I remember this from school, must be 30 years ago now...

...'Season of mists and mellow fruitfulness, close bosom friend of the maturing sun who conspires with him how to load, and bless with fruit, the vine which round the thatch-eaves run' ... John Keats.

Our dog walks now are excuses to go blackberrying, or brambling, as someone round here called it the other morning.  The blackberries are very good this year, large, ripe and plentiful, and it's easy picking if you're not worried about a few stings (nettle) or scratches...  I've the stained black fingers/nails to prove it.

I'll have to make jam this weekend.  My freezer is already full - ready for the comforting crumbles of winter - but when there's this much abundance it's a shame not to make the most of it.

We've a glut of apples as well.

I'm not entirely sure what the variety is, but I'm guessing it's Cox's Orange Pippin because there's a definite orange flavour - I'd never actually understood it until I ate apples from this tree, but it's there and it works.  Wierd, but in a good way.

The wasps love it.  The air around the tree is thick with a sweet perfume, and a buzzing reminds you to be careful.  There are husks of apples on the ground - barely core and skin, where the wasps have sucked the life out of it and moved onto the next one.  The apples actually move under the skin, there are that many wasps there - I counted 6 that I could see in a hole the size of a 10p coin, and there must have been more inside...

So although there's a glut, and I've a fruit bowl full inside and more on the window ledge of the kitchen, there's an awful lot of windfall on the ground being worked over by the wasps.  You have to be careful walking past the tree, and if you do want to pick an apple, you should employ extreme caution - I learnt to my cost last year that hastiness equals sting.

There's only one thing worse than a wasp sting, and that's two wasp stings.....

On a lighter note, the children have returned to school, and me to my beloved routine.  I made headway on the ironing this morning listening to Radio 4, and I could feel the tension of the holidays dropping from my shoulders.

It's not that I feel I have to entertain the children the whole time, but there's only so much TV/screen time you can allow them, and only so much backchat I can take, so we did have a few excursions on my Wednesdays off when the Library is closed...  and my pile of ironing grew and grew....

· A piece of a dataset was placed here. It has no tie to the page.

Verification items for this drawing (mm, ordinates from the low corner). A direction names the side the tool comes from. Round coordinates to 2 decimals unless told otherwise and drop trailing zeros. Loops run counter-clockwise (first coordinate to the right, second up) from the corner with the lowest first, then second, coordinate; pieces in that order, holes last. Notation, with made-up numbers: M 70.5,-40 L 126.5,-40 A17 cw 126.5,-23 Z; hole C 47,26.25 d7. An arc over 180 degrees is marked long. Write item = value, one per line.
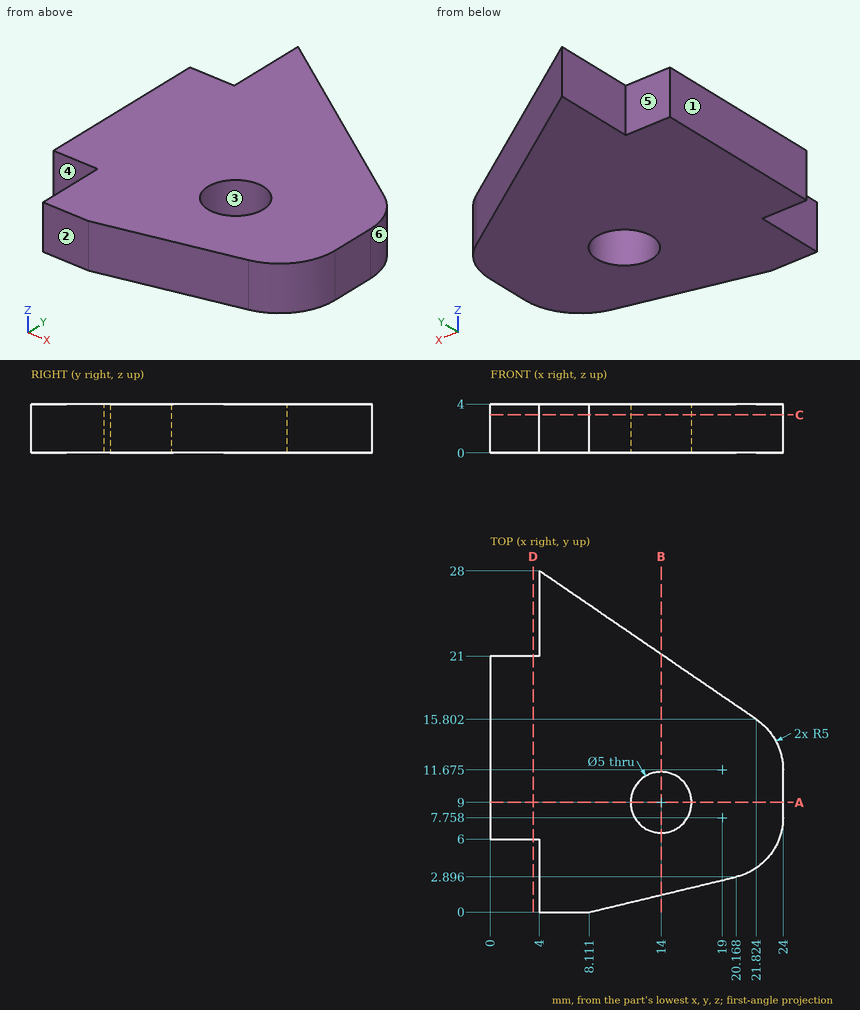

Peacock butterfly on the buddleia bush overgrowing the derelict building awaiting demolition next to my back/kitchen door...  and that's another matter!
Barley field (this year) on the Letcombe footpath
It's been as nice a summer as I can remember - in fact nicer than I can remember actually. There was the hot summer of 1976, of course, and I seem to think 2003 had some heat to it as well, but there's no reliability to the weather in this country, and of course that's what makes us talk about it so much.

I'll have to download some more photos as I'm sure I had a few of the apple tree, but can't find them just now.

Back in the groove now the children are back at school.  Watch this space!